Dans les deux modèles restants (i.e. sporadique vs. VHL et SDH vs. VHL), toutes les tumeurs ont été correctement classées (Fig. 2C et 2D).

Les tumeurs SDHx présentent une augmentation significative du taux de succinate par rapport aux autres sous-types tumoraux (tableau 1). Ce résultat reflète directement le blocage métabolique lié à l’absence de fonctionnalité de l’enzyme SDH, cruciale dans l’oxydation du succinate en fumarate dans le cycle de Krebs.

Tableau 1. Résultats de la quantification du succinate, du glutamate, du glutathion et de l’ATP dans les phéochromocytomes/paragangliomes sporadiques, SDH et VHL.

En outre, les tumeurs SDH étaient caractérisées par des valeurs significativement plus faibles de glutamate par rapport aux formes sporadiques ou associées à la maladie de VHL (tableau 1), suggérant ainsi une altération possible du métabolisme du glutamate intracellulaire principalement produit par la désamination oxydative de la glutamine. A ce titre, les cellules avec mutation du gène codant pour l’isocitrate déshydrogénase 1 et 2 (IDH 1 et IDH 2) sont également caractérisées par des niveaux inférieurs de glutamate comparativement à leurs homologues de type sauvage. Il est possible que la disponibilité réduite du glutamate dans les tumeurs SDH conduise à la génération de conditions peroxydantes qui favorisent la carcinogenèse. Il n'y a pas d’explication claire pour le faible niveau de glutamate dans les tumeurs SDHx par rapport à d'autres sous-types. L’hypothèse d’une consommation accrue de glutamate dans des voies de biosynthèse alternatives ou d’une biosynthèse réduite du glutamate via la modulation négative de l'activité de la glutaminase ou de la glutamate déshydrogénase peuvent être envisagées.

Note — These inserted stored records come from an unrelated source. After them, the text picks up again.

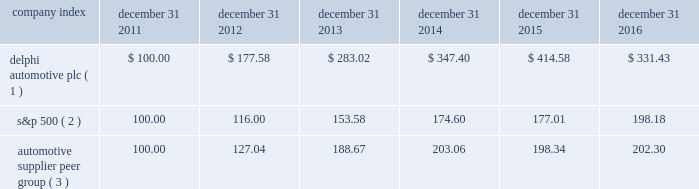Stock performance graph * $ 100 invested on december 31 , 2011 in our stock or in the relevant index , including reinvestment of dividends .
Fiscal year ended december 31 , 2016 .
( 1 ) delphi automotive plc ( 2 ) s&p 500 2013 standard & poor 2019s 500 total return index ( 3 ) automotive supplier peer group 2013 russell 3000 auto parts index , including american axle & manufacturing , borgwarner inc. , cooper tire & rubber company , dana inc. , delphi automotive plc , dorman products inc. , federal-mogul corp. , ford motor co. , general motors co. , gentex corp. , gentherm inc. , genuine parts co. , goodyear tire & rubber co. , johnson controls international plc , lear corp. , lkq corp. , meritor inc. , standard motor products inc. , stoneridge inc. , superior industries international , tenneco inc. , tesla motors inc. , tower international inc. , visteon corp. , and wabco holdings inc .
Company index december 31 , december 31 , december 31 , december 31 , december 31 , december 31 .
Dividends the company has declared and paid cash dividends of $ 0.25 and $ 0.29 per ordinary share in each quarter of 2015 and 2016 , respectively .
In addition , in january 2017 , the board of directors declared a regular quarterly cash dividend of $ 0.29 per ordinary share , payable on february 15 , 2017 to shareholders of record at the close of business on february 6 , 2017. .
What was the percentage return for the 5 year period ending december 31 2016 of delphi automotive plc? 
Computations: ((331.43 - 100) / 100)
Answer: 2.3143.

Nous observons des valeurs plus faibles d’ATP dans les tumeurs SDH par rapport aux tumeurs VHL, probablement en raison d'une glycolyse marquée chez ces dernières. En revanche, les phéochromocytomes et les paragangliomes VHL montrent les valeurs les plus élevées de GSH (tableau 1). Le niveau de GSH semble être un indicateur sensible de la capacité cellulaire à résister au stress

oxydatif. En effet, son potentiel oxydo-réducteur élevé fait du GSH à la fois un puissant antioxydant et un cofacteur pour les réactions enzymatiques qui nécessitent des électrons. La faible quantité de GSH dans les formes tumorales sporadiques peut être liée à l'inhibition de la chaîne de transport électronique (ETC) qui est nécessaire pour la régénération du GSH par synthèse de NADPH. En effet, il a été montré précédemment que les tumeurs sporadiques peuvent présenter une diminution de la respiration mitochondriale.

Ces constatations apportent de nouveaux éléments qui semblent importants pour une meilleure compréhension de la physiopathologie tumorale. Nos résultats suggèrent l'existence d'une empreinte spécifique succinate-glutamate pour les phéochromocytomes et paragangliomes SDH, potentiellement utile dans l'amélioration du diagnostic, le suivi de ces tumeurs et la conception de nouvelles options de traitement.

Enfin, cette étude montre que la spectroscopie RMN HRMAS est une méthode prometteuse et fiable pour la caractérisation ex vivo du profil métabolomique des phéochromocytomes et paragangliomes sympathiques.